And with blowing up in Quebec today and saying things are being run from TO central, the ground under the libs in Quebec would be shaking to say the least. All those potential lib candidates the lib leader in charge of Que. just recruited decided - nay - it would be a disaster.

Stockholm

I heard that too. The Liberals should be on their hands and knees thanking the NDP for saving them from lining up to drink grape kool-aid if their non-confidence motion actually passed!

Scott Piatkowski Scott Piatkowski's picture

Oh look, a nine point spread between the NDP and Greens. I'm sure that our good Buddy will explain to us why this means that the NDP should be worried.

janfromthebruce

maybe Harper will do it for them - vote in support of their confidence motion - just to put the libs out of their misery.

Bookish Agrarian

Hey no fair- that's my secret conspiracy theory plot- that a number of Conservatives will suddenly be out putting shovels in the ground, or have the flu, or be busy with some sort of constituency work or whatever.

janfromthebruce

Don't step on my turf of fantasy - not enough cons "don't show up" when the bell rings - the lights dim as Harper can be heard laughing all the way to the GG with "poison pill" in hand - I'll get you my little pretty

bekayne

janfromthebruce wrote:

Don't step on my turf of fantasy - not enough cons "don't show up" when the bell rings - the lights dim as Harper can be heard laughing all the way to the GG with "poison pill" in hand - I'll get you my little pretty

"We need an election because we no longer have confidence in ourselves"

Stockholm

Don't laugh, in Germany in 1983 Helmut Kohl wanted an early election, but in Germany its unconstitutional for the Chancellor to simply call one, he has to lose a confidence vote and its a complex process. Kohl had to move a confidence motion, have all his members abstain and then be defeated by the opposition. He got the election and won, but the German constitutional court later ruled that this was not legal.

Bookish Agrarian

I'm certainly not joking.

My pet theory of the past week is that the Liberals will be hoisted on their own petard by the Conservatives conveintly being ill or whatever.  It would be win, win, win for the Conservative from their viewpoint - Iggy would get blamed for the election (the subtly will be lost on most people), they have their shot at a majority due to the Liberal lacklustre messaging lately and they would catch a Liberal party (and Bloc and NDP) off guard and for the Liberals at a time when they are facing a house divided or at least pissed off at each other.

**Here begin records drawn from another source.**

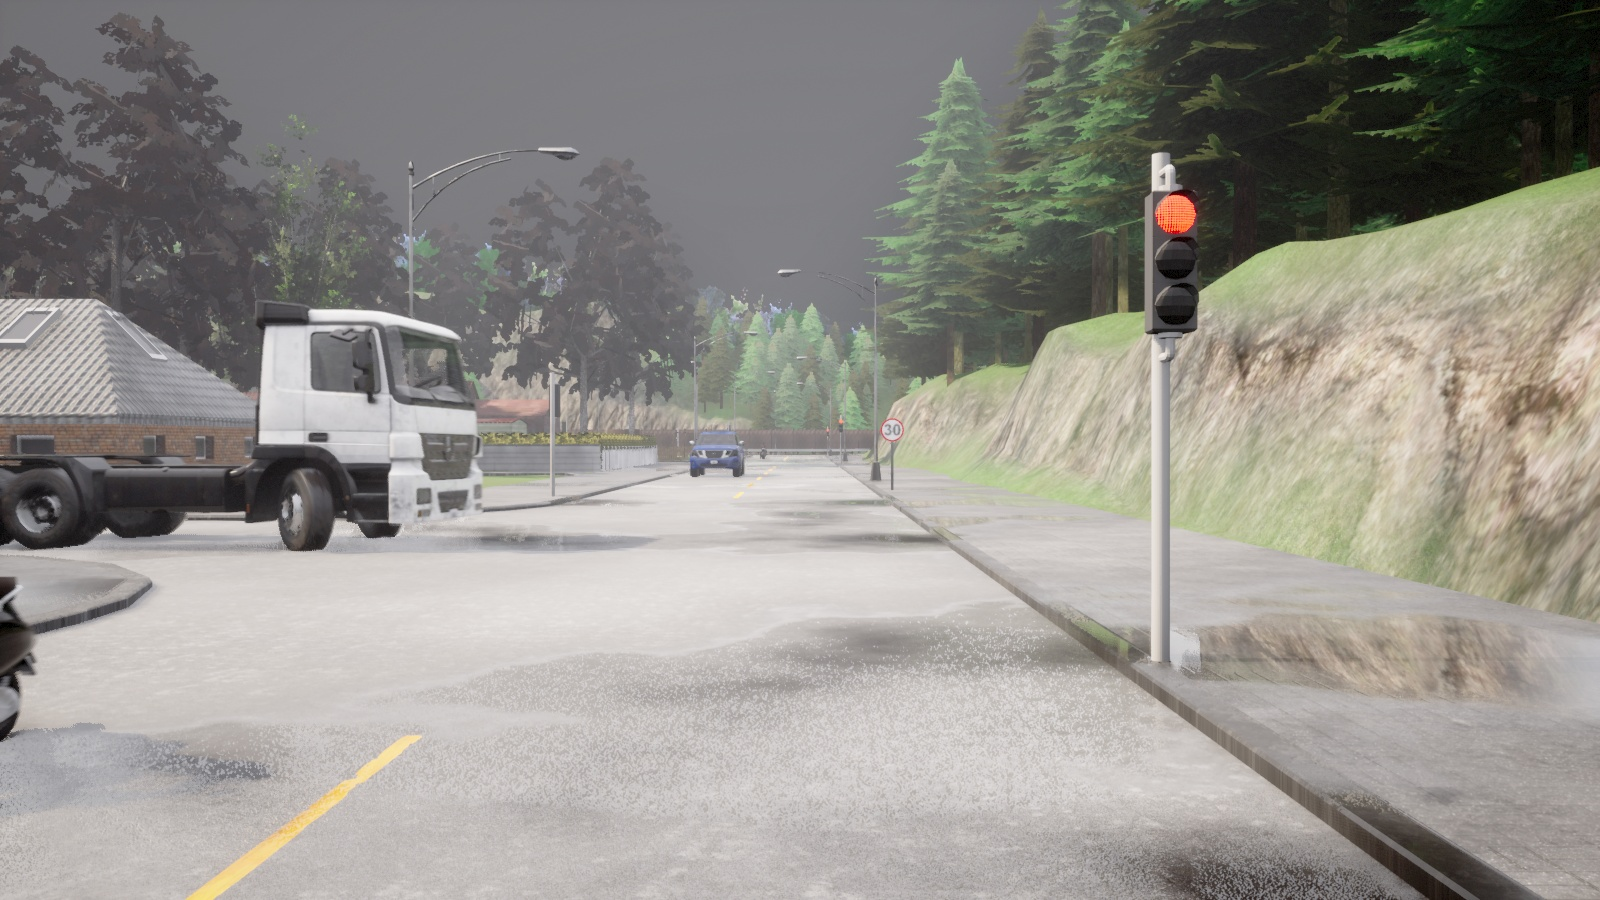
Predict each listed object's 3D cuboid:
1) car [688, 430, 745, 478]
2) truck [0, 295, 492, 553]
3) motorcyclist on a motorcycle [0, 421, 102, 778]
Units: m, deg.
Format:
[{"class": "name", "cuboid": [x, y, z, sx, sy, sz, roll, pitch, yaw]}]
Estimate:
[{"class": "car", "cuboid": [-3.667, 0.145, 56.317, 2.150, 2.045, 5.566, 0, 0, 0]}, {"class": "truck", "cuboid": [-8.943, -0.348, 18.730, 7.936, 3.462, 2.891, 0, 0, 7]}, {"class": "motorcyclist on a motorcycle", "cuboid": [-3.996, 0.666, 5.508, 0.866, 1.590, 1.817, 0, 0, -1]}]

Maybe it is a bit too cute by half, but I expect it has been kicked around the Conservative war room more that a few times over the last couple of days.

Chester Drawers

The poison pill will be the voter subsidy.  I believe a motion from the Cons is coming on that as a money confidence bill.  The $1.95 per vote which the Libs, Dippers and Bloc cannot afford to lose, will have to vote against it.  An election over a $1.95 luxury for the parties when many have been bitten by the recesion will not be seen well by the public.  Either way the Cons win, get the other parties to vote in favor of losing the subsidy or force the election and not be seen as causing it.  This has been in the works since the 2008 convention in Winnipeg.

Stockholm

I'd be very surprised if the Tories tried that. When Harper withdrew that measure in December in order to save his skin, he explicitly said that it was off the table and that it would not be reintroduced but that it would be part of the Tory platform in the next election. So, he would be blatantly lying if he did that. Also, it would lead to endless replays of how he miscalculated a year ago with that and almost lost power.The last thing Harper needs are endless replays of his biggest political miscalculation ever.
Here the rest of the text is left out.